Obtain an order of magnitude estimate for the spring constant \(\bar{k}\) associated with the interatomic forces in a silicate crystal such as forsterite by assuming \(\bar{k} \sim E b\), where \(E\) is Young's modulus and \(b\) is the average interatomic spacing. Young's modulus for forsterite is \(1.5 \times 10^{11}\) Pa. Obtain a value for \(b\) by assuming \(b^{3}\) is the mean atomic volume. The density of forsterite is \(3200 \mathrm{~kg} \mathrm{~m}^{-3}\). Estimate the maximum amplitude of vibration of an atom in a forsterite crystal at a temperature of \(300 \mathrm{~K}\). How does it compare with the mean interatomic spacing? What is the Einstein frequency at this temperature? The spring constant may also be estimated from the compressibility of forsterite using \(\bar{k} \sim 3 b / \beta,\) where the factor of 3 arises from the relation between fractional volume changes and fractional changes in length. How does this estimate of \(\bar{k}\) compare with the previous one? The compressibility of forsterite is \(0.8 \times 10^{-11} \mathrm{~Pa}^{-1}\).

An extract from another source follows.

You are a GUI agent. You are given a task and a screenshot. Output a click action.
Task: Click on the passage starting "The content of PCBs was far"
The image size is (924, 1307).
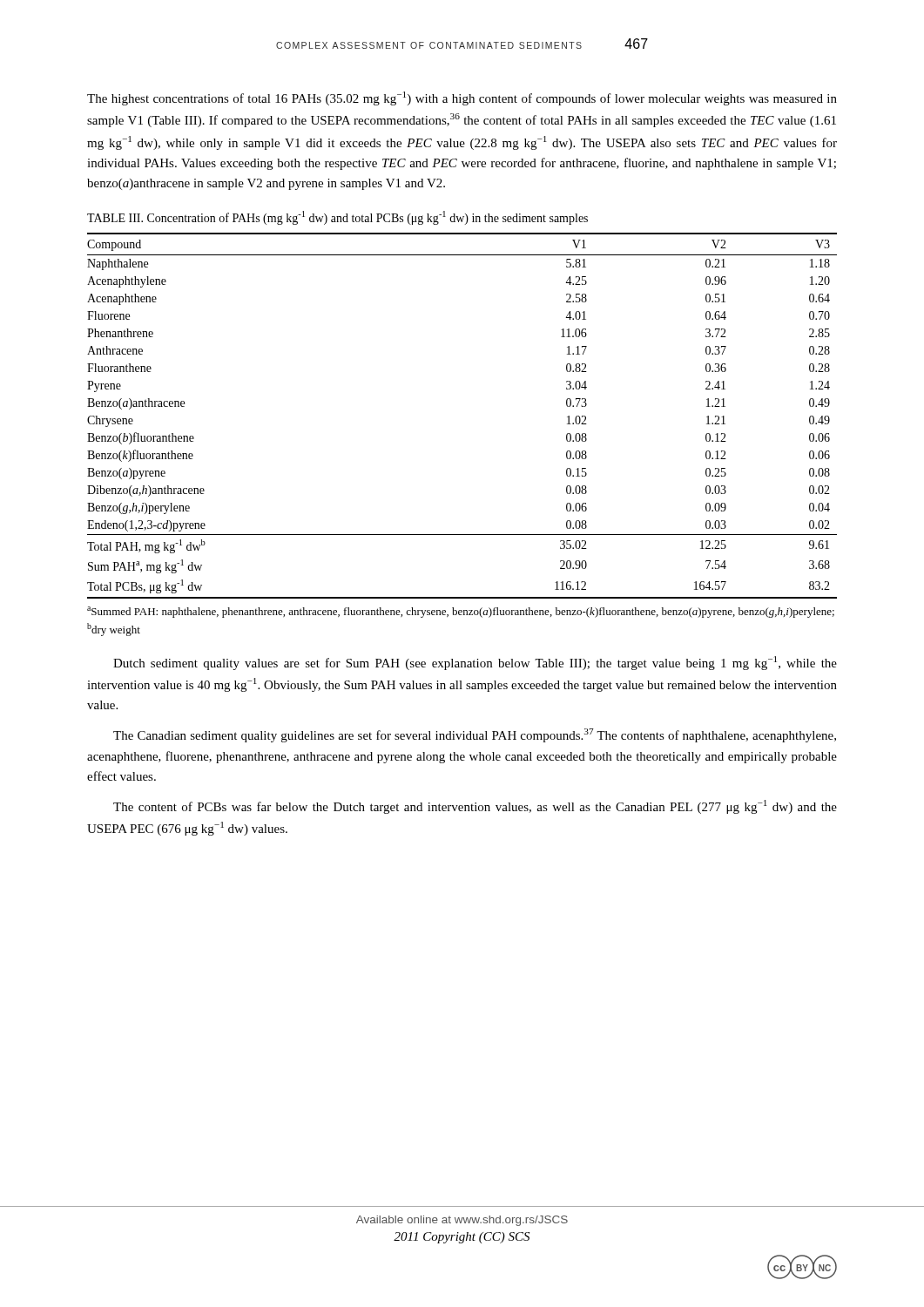pos(462,817)

Show that the effective viscosity \(\mu_{\text {eff }}\) for the channel flow of a power-law fluid is given by $$ \mu_{\mathrm{eff}} \equiv \frac{\tau}{d u / d y}=\left(\frac{p_{1}-p_{0}}{L}\right) \frac{h^{2}}{4(n+2) \bar{u}}\left(\frac{2 y}{h}\right)^{1-n} $$ or $$ \frac{\mu_{\text {eff }}}{\mu_{\text {eff, wall }}}=\left(\frac{2 y}{h}\right)^{1-n} $$ where \(\mu_{\text {eff,wall }}\) is the value of \(\mu_{\text {eff }}\) at \(y=\pm h / 2\). Plot \(\mu_{\text {eff }} / \mu_{\text {eff, wall as a function of }} y / h\) for \(n=1,3\), and 5 .

Another model of viscoelastic behavior is the Kelvin model, in which the stress \(\sigma\) in the medium for a given strain \(\varepsilon\) and strain rate \(\dot{\varepsilon}\) is the superposition of linear elastic and linear viscous stresses, \(\sigma_{e}\) and \(\sigma_{f}\). Show that the rheological law for the Kelvin viscoelastic material is $$ \sigma=\varepsilon E+2 \mu \frac{d \varepsilon}{d t} $$ Show also that the response of the Kelvin viscoelastic material to the sudden application of a stress \(\sigma_{0}\) at time \(t=0\) is $$ \varepsilon=\frac{\sigma_{0}}{E}\left(1-e^{-t / \tau_{w}}\right) $$ Assume that \(\sigma=\sigma_{0}\) for \(t>0 .\) While stresses decay exponentially with time in a Maxwell material subjected to constant strain, strain relaxes in the same way in a Kelvin material subjected to constant stress.

Consider the state of stress \(\sigma_{x x}=\sigma_{y y}=\sigma_{z z}=\sigma\) and \(\sigma_{x y}=\sigma_{y x}=\tau, \sigma_{x z}=\sigma_{z x}=\sigma_{y z}=\sigma_{z y}=0\) Determine the yield conditions on the basis of the Tresca and von Mises criteria. How does hydrostatic loading affect plastic yielding?

Consider a long circular cylinder of elastic-perfectly plastic material that is subjected to a torque \(T\) at its outer surface \(r=a\). The state of stress in the cylinder can be characterized by an azimuthal shear stress \(\tau\). Determine the torque for which an elastic core of radius \(c\) remains. Assume that the yield stress in shear is \(\sigma_{0}\). In the elastic region the shear stress is proportional to the distance from the axis of the cylinder \(r\). What is the torque for the onset of plastic yielding? What is the maximum torque that can be sustained by the cylinder?